Since our inception in 1952, MGFA has led the charge to support the most promising scientific endeavors—funding research, engaging young scientists and clinicians, and spearheading a comprehensive patient registry. At our national conference and international symposiums, we bring together the brightest minds in the field of myasthenia gravis and related disorders.
Research has led to significant improvements in diagnostic techniques, treatments and therapies, and improved disease management. Fatality for MG used to be between 30 to 40%. Today, death from MG is rare—but still happens. Despite advances, today’s treatment options still come with significant side effects, and only partially address life-altering symptoms of MG. Some people with MG do not respond to any of the treatment options currently available.
Our charge is clear; more work in this area is necessary to better understand MG, expand treatment options, and ultimately, find a cure.
With our grant program, we support research that will improve the lives of patients with myasthenia gravis and related neuromuscular junction disorders.
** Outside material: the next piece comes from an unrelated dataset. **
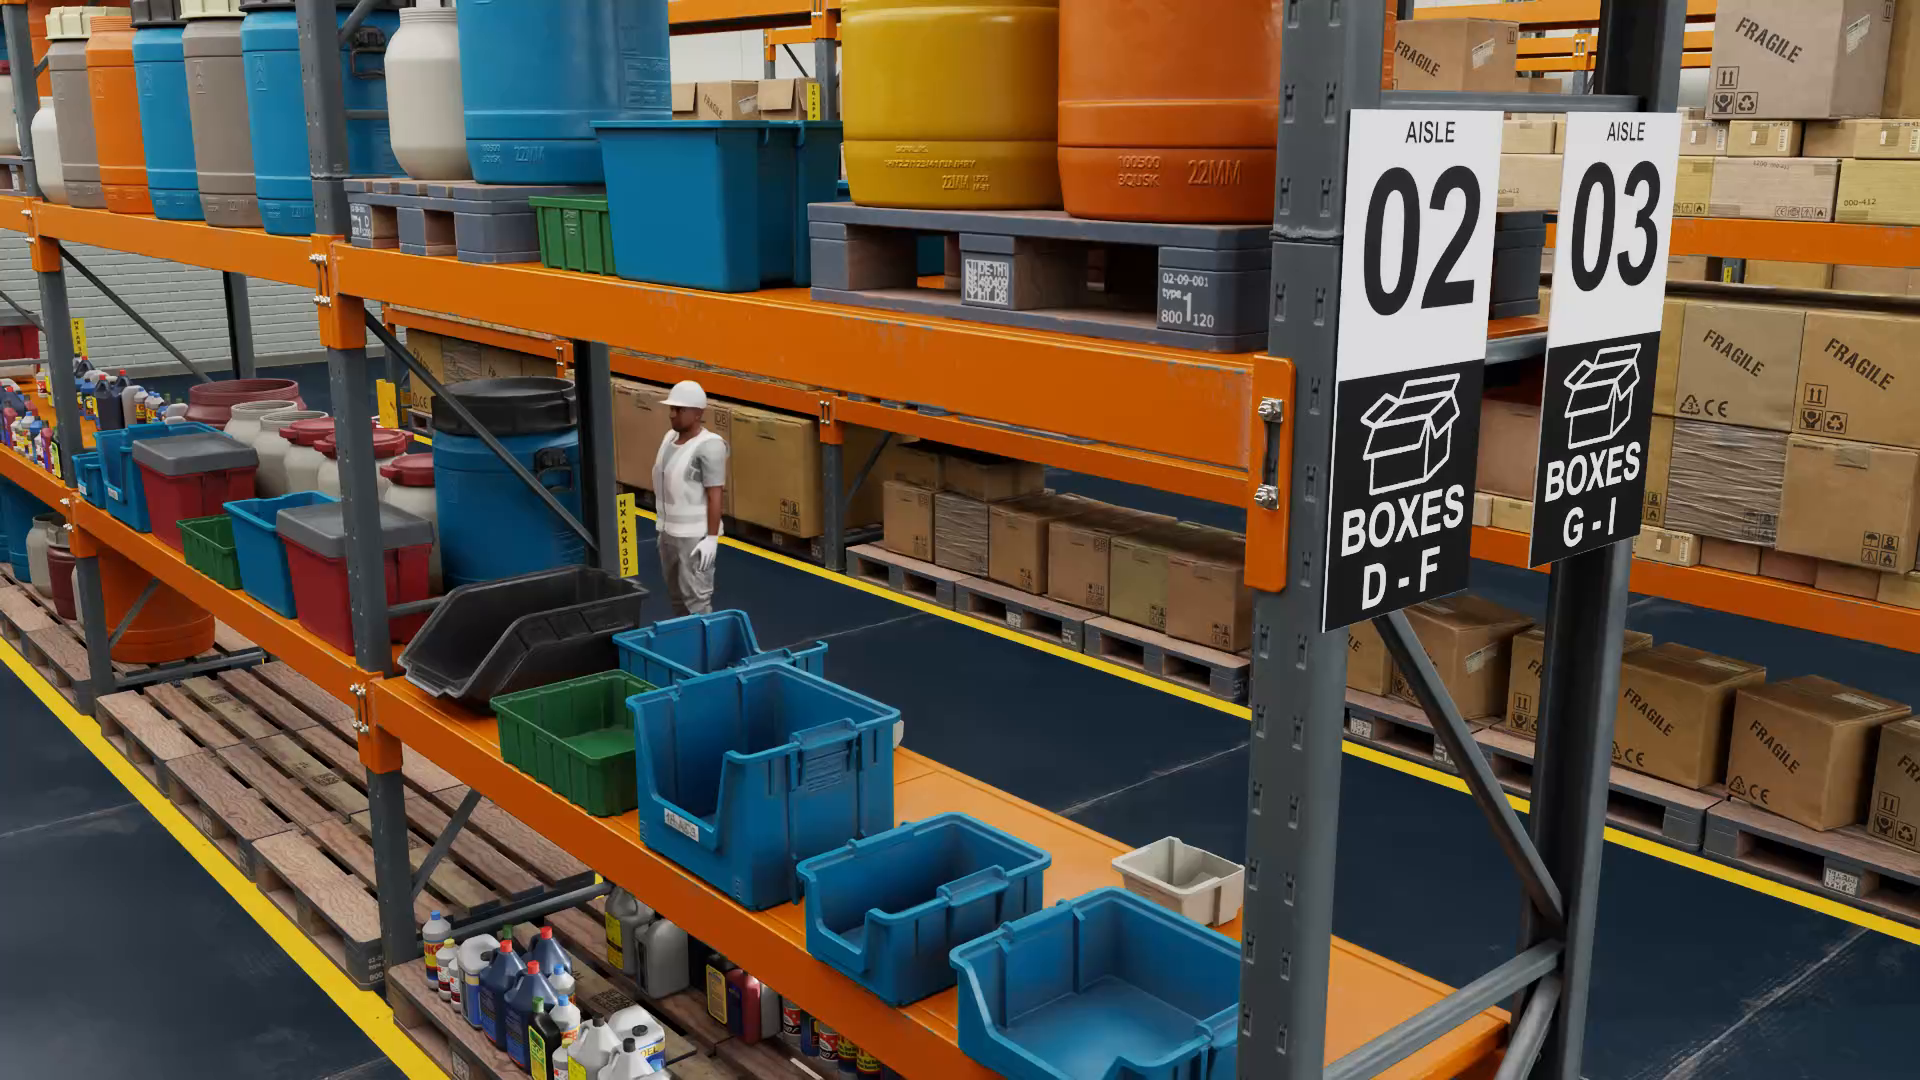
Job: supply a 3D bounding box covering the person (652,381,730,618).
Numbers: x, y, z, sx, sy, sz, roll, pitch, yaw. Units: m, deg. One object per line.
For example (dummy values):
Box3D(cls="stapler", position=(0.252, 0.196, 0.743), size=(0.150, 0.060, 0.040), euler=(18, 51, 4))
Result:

The committee has identified five broad research priorities:
- Biomarkers: facilitate early diagnosis, predict clinical outcomes and immunosuppressive therapy response and utilize in clinical trials.
- Disease Mechanisms: understand basic mechanisms and self-tolerance loss throughout course of disease.
- Targeted Therapies: develop new therapeutic targets, prevent widespread immunosuppression and off-target side effects, optimize treatment strategies with existing therapies.
- Patient Outcomes: understand the full impact of disease on daily living and patient treatment priorities, understand collateral effects of disease; related medical conditions, side effects and financial impact.
- Pediatric Treatment: identify strategies, safety concerns, and long-term outcomes.